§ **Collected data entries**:
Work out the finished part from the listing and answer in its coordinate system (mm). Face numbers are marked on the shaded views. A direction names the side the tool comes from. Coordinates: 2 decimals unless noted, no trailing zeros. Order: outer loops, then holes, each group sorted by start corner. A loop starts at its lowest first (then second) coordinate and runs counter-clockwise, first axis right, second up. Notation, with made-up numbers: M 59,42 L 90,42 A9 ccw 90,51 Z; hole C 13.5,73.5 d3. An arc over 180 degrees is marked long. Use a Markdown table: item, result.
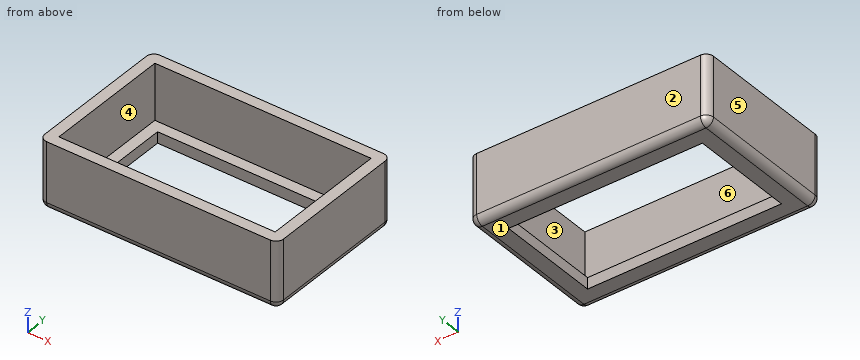
from build123d import *

# Parameters (mm, degrees)
SKETCH1_W           = 16.256
SKETCH1_H           = 10.16
SKETCH1_W_2         = 13.208
SKETCH1_H_2         = 7.112
BOSS_EXTRUDE1_DEPTH = 4.572
SKETCH2_W           = 14.732
SKETCH2_H           = 8.636
CUT_EXTRUDE1_DEPTH  = 3.81
FILLET1_R           = 0.508


with BuildPart() as part:
    # Sketch1 → Boss-Extrude1 (new body)
    with BuildSketch(Plane.XY):
        with Locations((22.86, -62.992)):
            Rectangle(SKETCH1_W, SKETCH1_H)
        with Locations((22.86, -62.992)):
            Rectangle(SKETCH1_W_2, SKETCH1_H_2, mode=Mode.SUBTRACT)
    extrude(amount=-BOSS_EXTRUDE1_DEPTH)

    # Sketch2 → Cut-Extrude1 (cut)
    with BuildSketch(Plane.XY):
        with Locations((22.86, -62.992)):
            Rectangle(SKETCH2_W, SKETCH2_H)
    extrude(amount=-CUT_EXTRUDE1_DEPTH, mode=Mode.SUBTRACT)

    # Fillet1
    fillet1_edges = [part.edges().sort_by_distance(p)[0] for p in [
        (14.732, -62.992, -4.572),
        (22.86, -68.072, -4.572),
        (30.988, -62.992, -4.572),
        (22.86, -57.912, -4.572),
        (30.988, -68.072, -2.286),
        (14.732, -68.072, -2.286),
        (14.732, -57.912, -2.286),
        (30.988, -57.912, -2.286),
    ]]
    fillet(fillet1_edges, radius=FILLET1_R)


solid = part.part
1. Section D-D on y = -59.25 is taken. Determine the outline of the cut face in (x, z), then the cut area to 3 significant figures.
Answers below:
| item | result |
|---|---|
| outline | M 14.73,-4.06 A0.51 ccw 15.24,-4.57 L 30.48,-4.57 A0.51 ccw 30.99,-4.06 L 30.99,0 L 30.23,0 L 30.23,-3.81 L 15.49,-3.81 L 15.49,0 L 14.73,0 Z |
| area | 18.1 mm² |
2. Section C-C on y = -61 is taken. Determine the outline of the cut face in (x, z), then the cut area to 3 significant figures.
Answers below:
| item | result |
|---|---|
| outline | M 14.73,-4.06 A0.51 ccw 15.24,-4.57 L 16.26,-4.57 L 16.26,-3.81 L 15.49,-3.81 L 15.49,0 L 14.73,0 Z; M 29.46,-4.57 L 30.48,-4.57 A0.51 ccw 30.99,-4.06 L 30.99,0 L 30.23,0 L 30.23,-3.81 L 29.46,-3.81 Z |
| area | 8.02 mm² |
3. Section B-B on x = 24 is taken. Determine the outline of the cut face in (y, z), then the cut area to 3 significant figures.
Answers below:
| item | result |
|---|---|
| outline | M -68.07,-4.06 A0.51 ccw -67.56,-4.57 L -66.55,-4.57 L -66.55,-3.81 L -67.31,-3.81 L -67.31,0 L -68.07,0 Z; M -59.44,-4.57 L -58.42,-4.57 A0.51 ccw -57.91,-4.06 L -57.91,0 L -58.67,0 L -58.67,-3.81 L -59.44,-3.81 Z |
| area | 8.02 mm² |
4. For the marked faces 5 and 6, determine the directions among +Z, -Z, +X, -X, +Y, -Y from which every point of the face is accessible in a straight line to the end or side of a thin tool.
Answers below:
| item | result |
|---|---|
| face 5 | +Z, -Z, -X, +Y, -Y |
| face 6 | +Z |
5. Find the intervals of material crossed by probe 1 along Y at (x, z) = (26.75, -3.75); probe 2 along X at (y, z) = (-62, -0.15); probe 3 along Y at (x, z) = (25.25, -4.1), in increasing order.
Answers below:
| item | result |
|---|---|
| probe 1 | -68.07 to -67.31, -58.67 to -57.91 |
| probe 2 | 14.73 to 15.49, 30.23 to 30.99 |
| probe 3 | -68.07 to -66.55, -59.44 to -57.91 |
6. For a pull along Y with two mould halves and no side action, classify the marked faces 1, 2, 3 and 4 as +Y half, -Y half, draft (parallel to the pull), parting line (faces both ways), or undercut.
Answers below:
| item | result |
|---|---|
| face 1 | draft |
| face 2 | +Y half |
| face 3 | undercut |
| face 4 | undercut |
7. Section A-A on z = -1.75 is taken. Determine the outline of the cut face in (x, y).
Answers below:
| item | result |
|---|---|
| outline | M 14.73,-67.56 A0.51 ccw 15.24,-68.07 L 30.48,-68.07 A0.51 ccw 30.99,-67.56 L 30.99,-58.42 A0.51 ccw 30.48,-57.91 L 15.24,-57.91 A0.51 ccw 14.73,-58.42 Z; hole M 15.49,-67.31 L 30.23,-67.31 L 30.23,-58.67 L 15.49,-58.67 Z |

§ **Task directions**:
Apply a filter for "significant" to the entries and show each line that passes.

§ **Answer below**:
1. Section D-D on y = -59.25 is taken. Determine the outline of the cut face in (x, z), then the cut area to 3 significant figures.
2. Section C-C on y = -61 is taken. Determine the outline of the cut face in (x, z), then the cut area to 3 significant figures.
3. Section B-B on x = 24 is taken. Determine the outline of the cut face in (y, z), then the cut area to 3 significant figures.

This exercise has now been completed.